Under that scenario Wolves and Sheffield United would miss out on the Champions League - with the latter having played one game fewer than the teams immediately above them - while Bournemouth and Aston Villa would be relegated. Villa also have a game in hand which, if they win, would lift them out of the bottom three, while Bournemouth are only in the relegation zone by virtue of having a goal difference one worse than Watford.
In the Championship, Leeds and West Brom would be promoted and the third promotion spot would presumably go to third place should the playoffs not happen, which would mean that Fulham join them in the top flight.
The other option would be to void the season and start again from scratch for 2020-21, although then more questions follow as to which teams go into next season's Champions League and Europa League and how the parachute payments will be sorted if a relegated team has invested heavily only to be denied promotion.

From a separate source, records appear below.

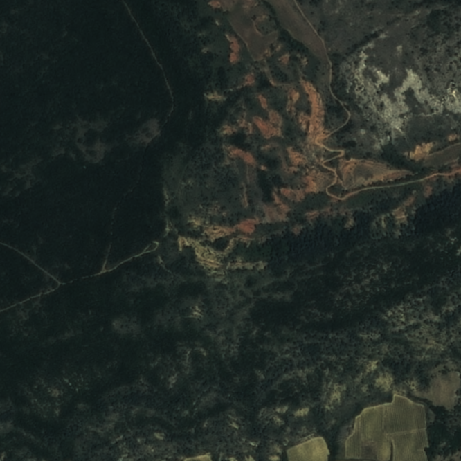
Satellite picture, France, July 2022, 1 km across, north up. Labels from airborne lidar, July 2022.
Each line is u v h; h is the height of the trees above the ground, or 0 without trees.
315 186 0
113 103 6
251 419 8
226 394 8
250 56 0
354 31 0
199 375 6
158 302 9
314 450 0
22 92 6
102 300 8
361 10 0
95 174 7
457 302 7
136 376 9
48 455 7
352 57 0
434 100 0
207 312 8
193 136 11
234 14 0
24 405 7
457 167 0
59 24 7
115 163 7
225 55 0
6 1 5
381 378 0
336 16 0
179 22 8
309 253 10
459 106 0
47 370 7
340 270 6
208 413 5
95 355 5
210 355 6
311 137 0
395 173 0
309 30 0
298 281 6
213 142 8
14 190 6
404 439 0
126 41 6
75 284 9
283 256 7
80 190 6
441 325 6
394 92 0
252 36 0
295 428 6
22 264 6
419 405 0
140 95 6
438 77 0
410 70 0
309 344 8
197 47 7
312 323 6
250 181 0
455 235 7
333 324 9
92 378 6
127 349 6
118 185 6
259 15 0
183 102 7
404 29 0
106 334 6
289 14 0
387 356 6
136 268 7
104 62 6
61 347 7
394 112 0
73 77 7
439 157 0
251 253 0
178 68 7
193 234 6
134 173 7
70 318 6
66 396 6
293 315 6
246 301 8
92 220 6
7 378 6
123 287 6
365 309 8
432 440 8
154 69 6
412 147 0
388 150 6
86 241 6
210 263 0
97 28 6
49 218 6
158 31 10
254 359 8
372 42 0
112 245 6
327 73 0
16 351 7
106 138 7
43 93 7
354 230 16
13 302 7
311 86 0
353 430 0
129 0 6
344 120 5
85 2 5
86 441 6
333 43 0
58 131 6
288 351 7
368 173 0
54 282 6
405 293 8
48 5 6
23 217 6
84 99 7
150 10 7
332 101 6
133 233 7
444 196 12
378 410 0
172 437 12
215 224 0
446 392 0
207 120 8
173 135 6
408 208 0
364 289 6
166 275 10
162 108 6
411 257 6
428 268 7
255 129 0
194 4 9
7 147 7
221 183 7
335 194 0
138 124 6
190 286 7
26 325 7
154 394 8
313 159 0
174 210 7
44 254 6
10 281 6
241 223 0
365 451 0
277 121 0
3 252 6
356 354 9
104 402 10
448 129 0
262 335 6
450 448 9
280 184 7
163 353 7
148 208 7
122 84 6
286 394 5
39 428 6
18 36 6
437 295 7
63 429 8
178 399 10
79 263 6
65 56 6
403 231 12
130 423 7
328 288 8
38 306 6
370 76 0
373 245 7
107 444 8
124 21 6
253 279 7
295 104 0
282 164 0
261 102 0
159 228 6
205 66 8
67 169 6
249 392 8
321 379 6
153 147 6
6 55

There could also be the possibility of cancelling at least one of the cup competitions for 2020-21 in order to allow the league campaign to take place over a shorter period of time and the 2019-20 season to be completed when the early months of 2020-21 were due to take place. This would certainly not be an ideal option, but it seems preferable to league cancellation.
All in all, the unprecedented nature of this problem means that a lot of guesswork is needed at this stage regarding what might happen in the wake of the suspension of top-level football. The cause itself is unpredictable, which makes finding a solution even more difficult.
At this stage it is public health which is by far and away the most important thing, though, with footballing matters set to be put on the back-burner for the foreseeable future.